Understanding how we see ourselves within our social circles is more complicated than it seems. Although people interact daily with classmates, colleagues, and friends, our research shows that we have surprisingly limited awareness of our own popularity and influence within these networks. Using experimental data from 11 university classes, we mapped strong-tie friendship networks and then asked students to estimate both their popularity and their centrality, as well as to identify the most popular and central individuals in their class. Participants received monetary incentives for their predictions: the higher the accuracy, the higher the reward. The results reveal striking patterns of misperception. Only about one in four students correctly guessed how many classmates considered them a friend — that is, their actual number of strong-tie connections — and fewer than 10% accurately identified their own centrality decile in the network.
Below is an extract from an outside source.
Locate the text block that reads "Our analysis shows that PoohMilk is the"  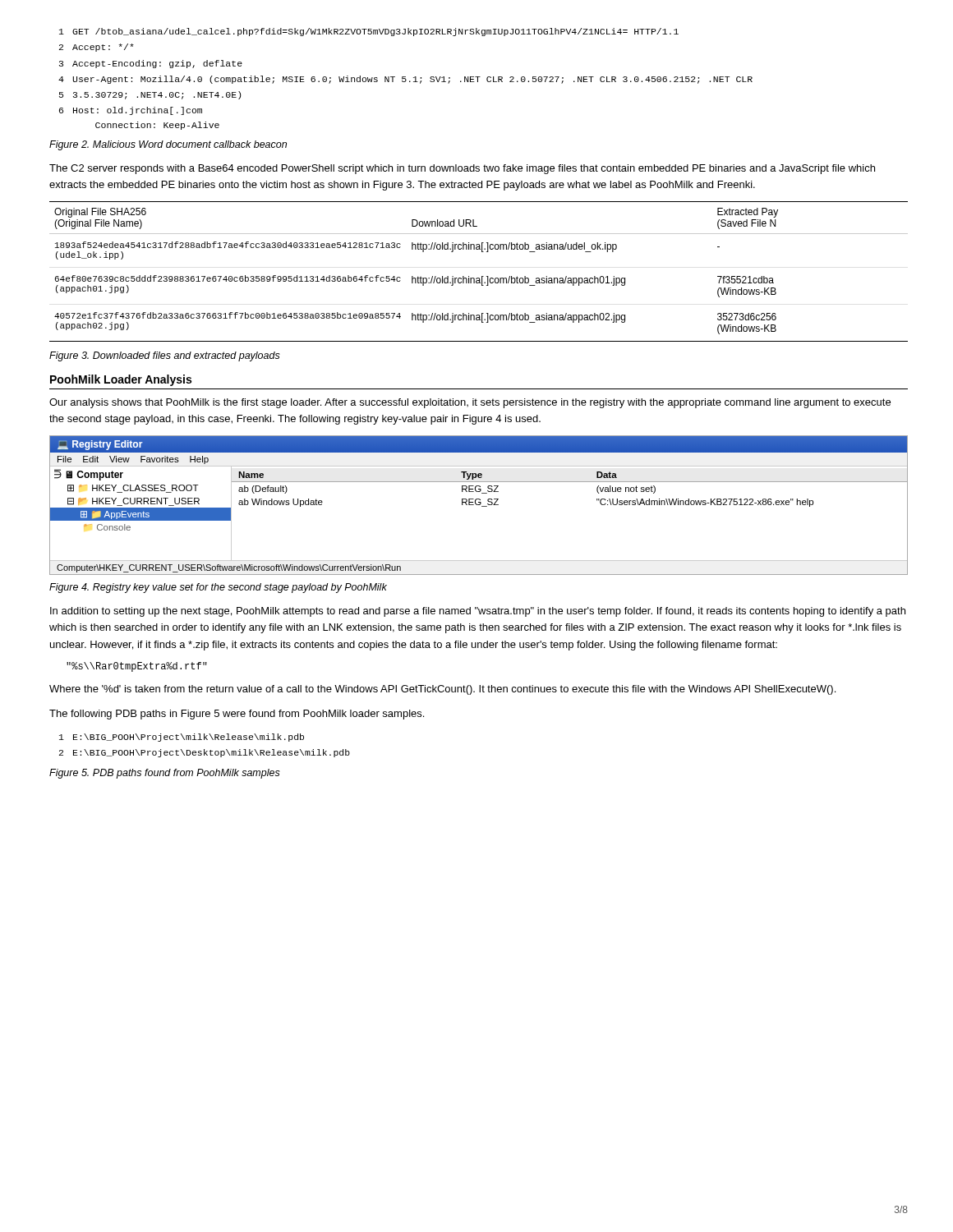click(470, 410)
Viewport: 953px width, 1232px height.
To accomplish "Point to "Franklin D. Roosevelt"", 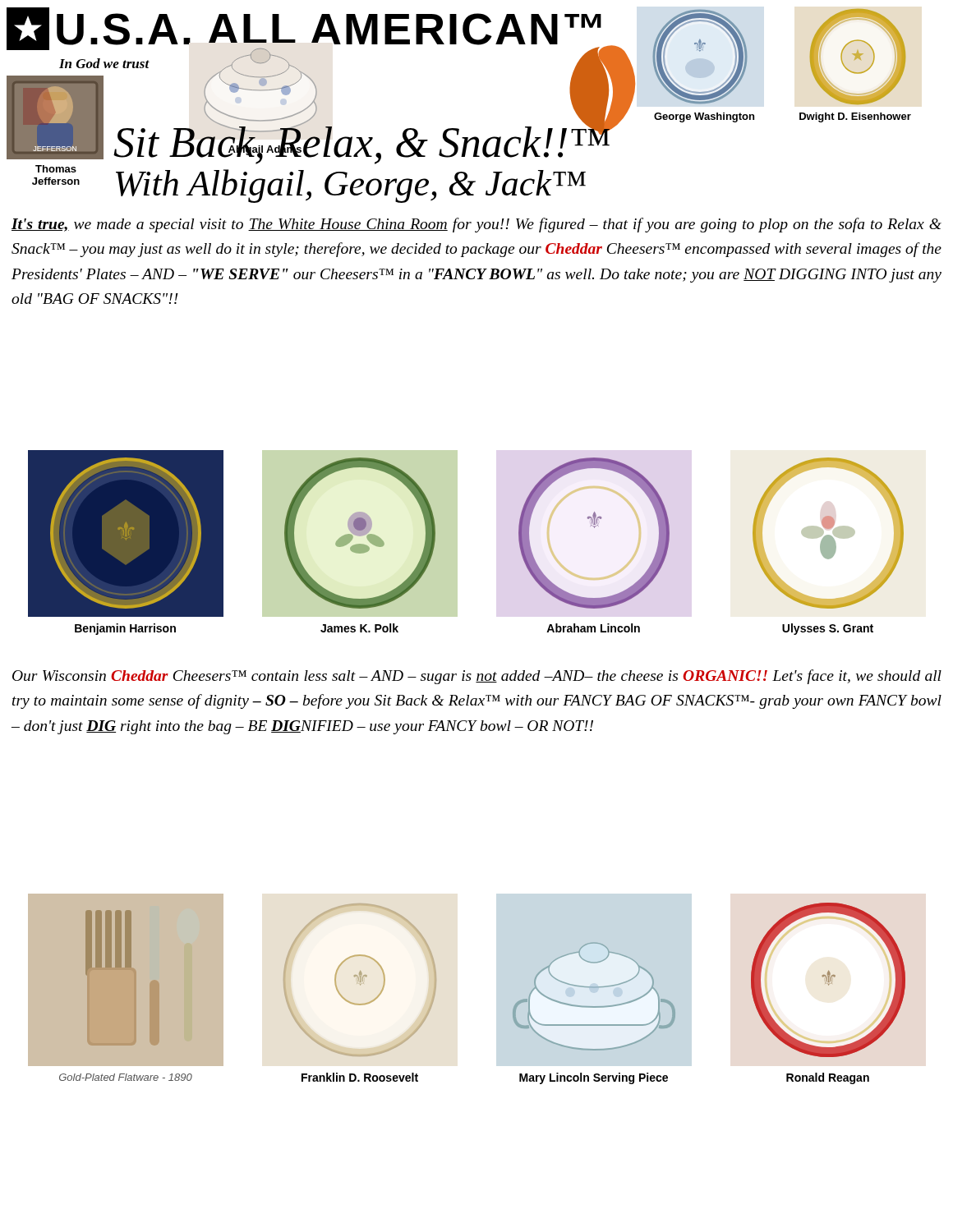I will (x=359, y=1078).

Even more surprising, students’ perceived centrality showed almost no correlation with their true centrality (ρ < 0.1), suggesting that people are essentially blind to their structural importance in the group. While students had slightly better intuition about popularity, both distributions of perceived popularity and perceived centrality were far more compressed than the real ones, meaning people tend to imagine social worlds that are flatter and less hierarchical than they actually are. Importantly, these misperceptions matter. Students who viewed themselves as less popular or less central, and those who estimated their position more accurately, tended to earn higher academic grades, even after controlling for actual network position. Likewise, students frequently recognized by others as popular or central achieved significantly better academic outcomes. Altogether, these findings reveal a social mirage: a systematic gap between how influential we think we are and how influential we actually are. This unawareness not only distorts our understanding of social life but also shapes important real-world outcomes.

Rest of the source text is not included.